Data from: Origin of the Laurentian Great Lakes fish fauna through upward adaptive radiation cascade prior to the Last Glacial Maximum
Data files
Aug 19, 2024 version files 107.90 GB
Abstract
The evolutionary histories of adaptive radiations can be marked by dramatic demographic fluctuations. However, the demographic histories of ecologically-linked co-diversifying lineages remain understudied. The Laurentian Great Lakes provide a unique system of two such radiations that are dispersed across depth gradients with a predator-prey relationship. We show that the North American Coregonus species complex (“ciscoes”) radiated rapidly prior to the Last Glacial Maximum (80-90 kya), a globally warm period, followed by rapid expansion in population size. Similar patterns of demographic expansion were observed in the predator species, Lake Charr (ˆ), following a brief time lag, which we hypothesize was driven by predator-prey dynamics. Diversification of prey into deepwater created ecological opportunities for the predators, facilitating their demographic expansion, which is consistent with an upward adaptive radiation cascade. This study provides a new timeline and environmental context for the origin of the Laurentian Great Lakes fish fauna and firmly establishes this system as a driver of ecological diversification and rapid speciation through cyclical glaciation.
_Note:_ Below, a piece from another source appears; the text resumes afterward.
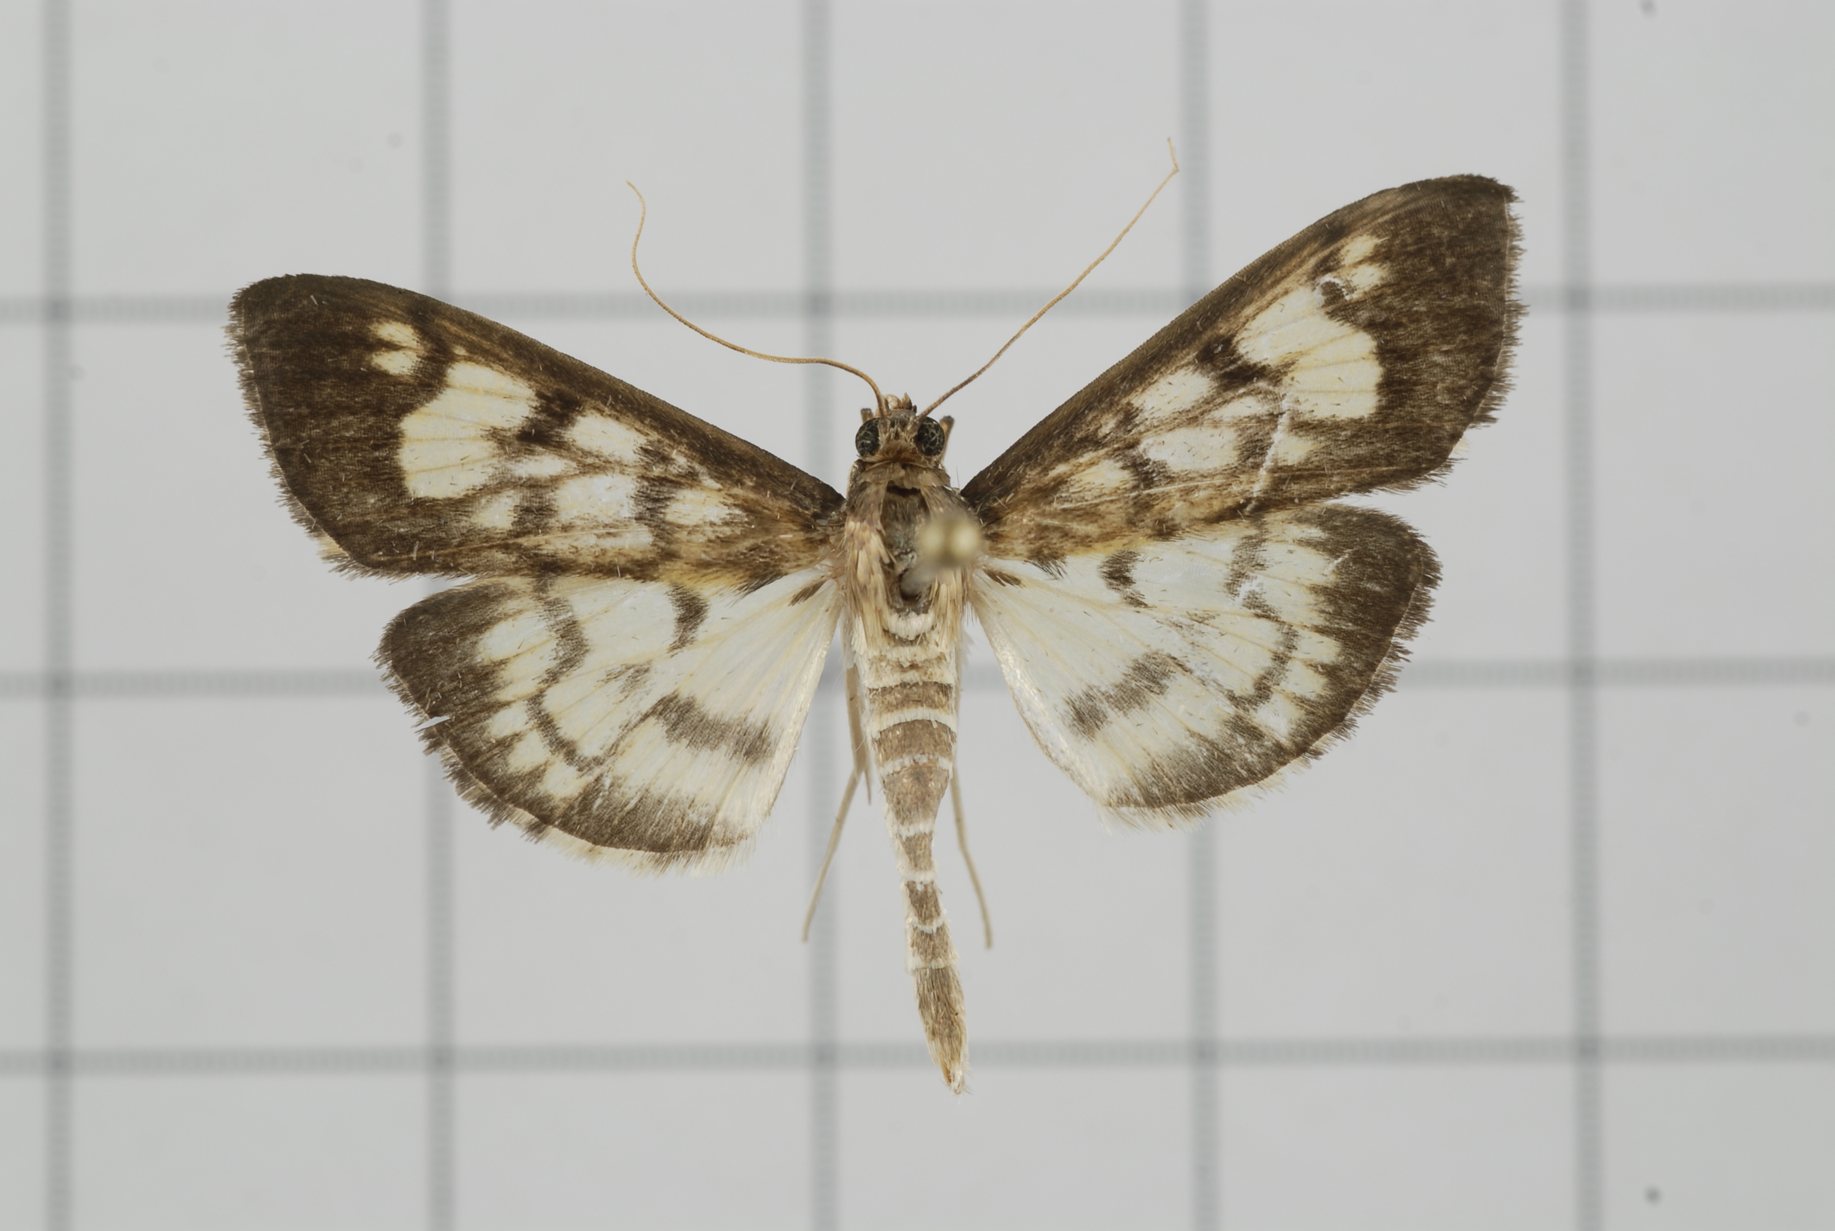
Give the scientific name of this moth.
Syllepte taiwanalis
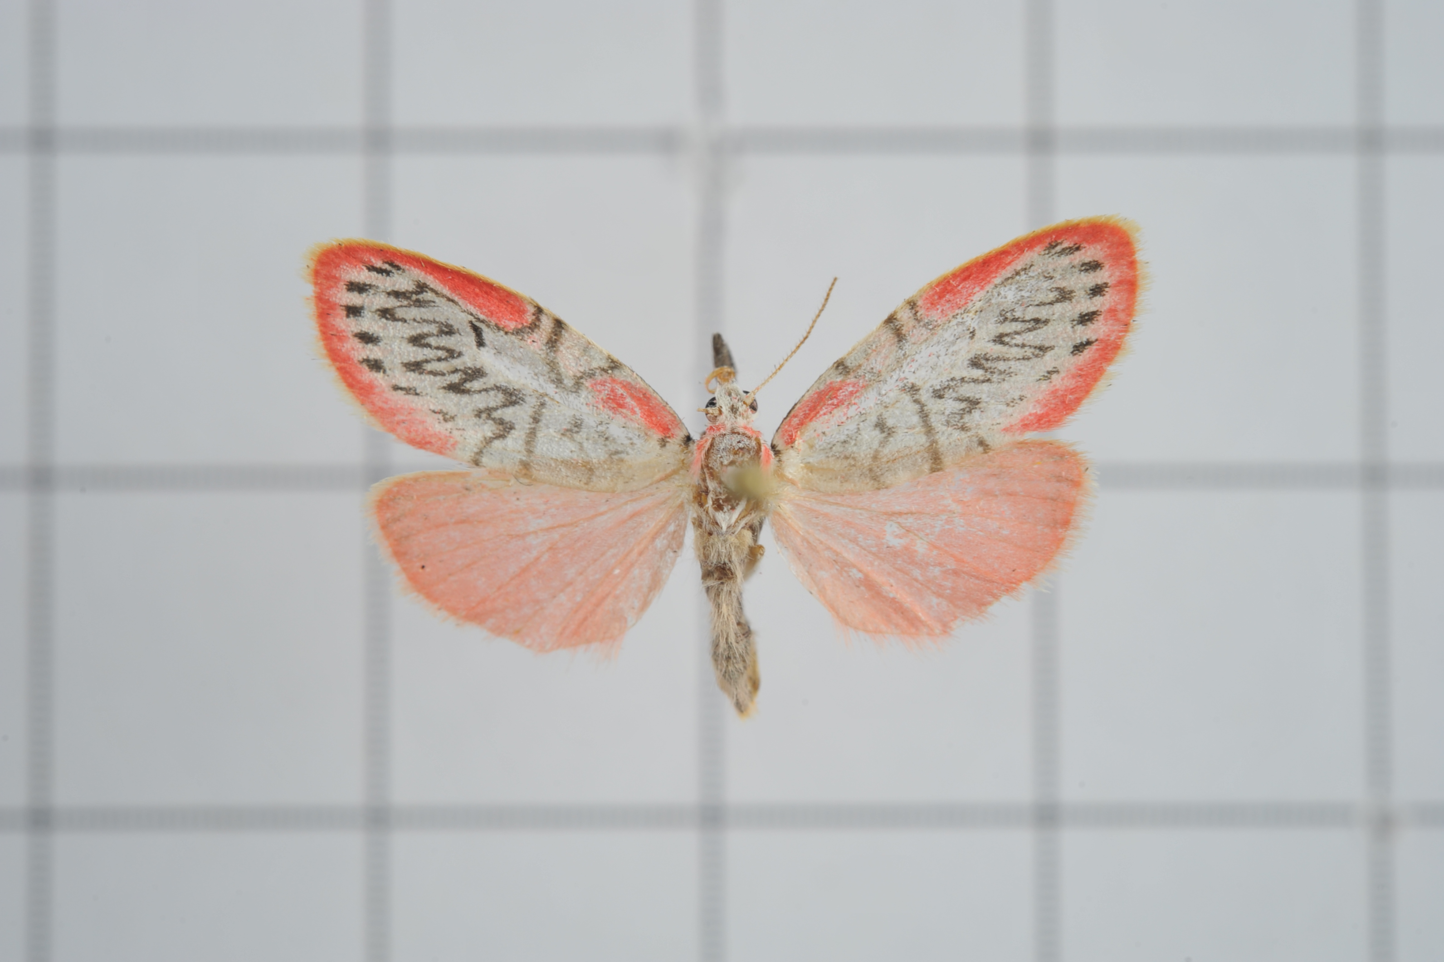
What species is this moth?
Miltochrista ziczac

README: Data from: Origin of the Laurentian Great Lakes fish fauna through upward adaptive radiation cascade prior to the Last Glacial Maximum
Access this dataset on Dryad https://doi.org/10.5061/dryad.n02v6wx59
Description of data generation
For population genomic analyses, genome resequencing data for individuals of each species of Coregonus were mapped to the unmasked Coregonus artedi reference genome assembly, and SNPs were called with VCF tools. An alignment was created for phylogenetic inference. Historical demography analyses (PSMC and SMC++) were created by mapping resequencing data to a repeat masked version of the reference before calling SNPs. There are additional files for testing the various mutation rates explored in the manuscript. The same methodology was applied to the Salvelinus namaycush samples with the addition of a PSMC analysis where we tested the sensitivity of different generation times.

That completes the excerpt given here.